The timing of drilling will be contingent upon receipt of all land access and heritage clearances and satisfactory weather conditions. In conjunction with the above-mentioned exploration activities, the Company has prepared a Programme of Works which was approved during the June quarter. A Heritage Clearance Survey will be conducted to allow access to the area in support of anticipated drilling activities.

Throssel Range

To date, soil sampling has been conducted over the Throssel Range tenement in two phases, with sample locations planned in the swales between sand dunes to minimise the influence of wind-blown sand. Infill lines were conducted to target conductors associated with dolerites hosted within the Archaean basement, which had been identified from the Airborne EM survey. A consistent, coherent low-level response of Cu, Pb and other elements indicate the soils have tested the regolith adequately.

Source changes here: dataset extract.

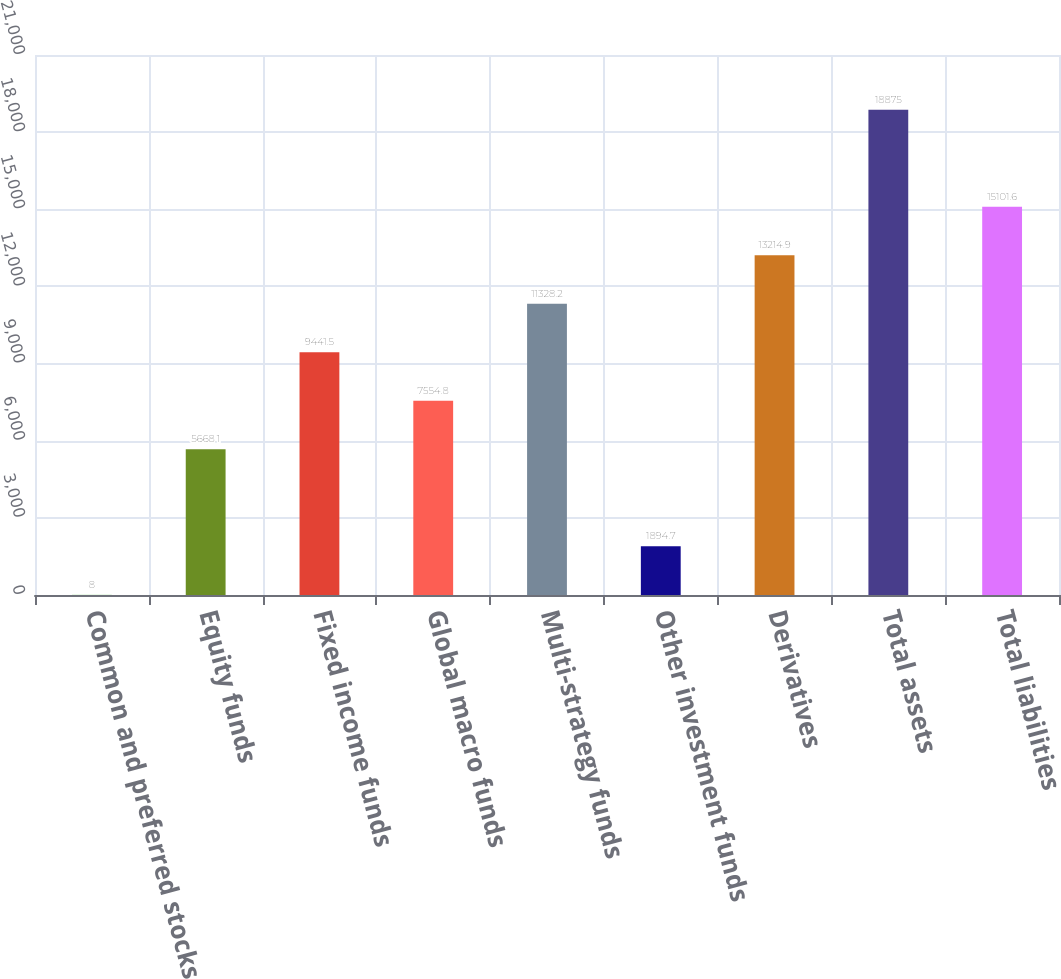<chart> <loc_0><loc_0><loc_500><loc_500><bar_chart><fcel>Common and preferred stocks<fcel>Equity funds<fcel>Fixed income funds<fcel>Global macro funds<fcel>Multi-strategy funds<fcel>Other investment funds<fcel>Derivatives<fcel>Total assets<fcel>Total liabilities<nl><fcel>8<fcel>5668.1<fcel>9441.5<fcel>7554.8<fcel>11328.2<fcel>1894.7<fcel>13214.9<fcel>18875<fcel>15101.6<nl></chart>

Geochemical assay results were generally low level throughout the area. No high-level anomalism appears to be present within copper, gold or base metals. No clear anomalism lies over any of the conductive trends in the EM survey. The gold results are generally below detection limit, with a few +1ppb results. No clear trends are evident, and it can be concluded that no significant Au mineralising event were detected by the sampling. Based on these results, Avira has shifted focus to its Mount Macpherson project and recently acquired Wyloo prospect in the Ashburton basin.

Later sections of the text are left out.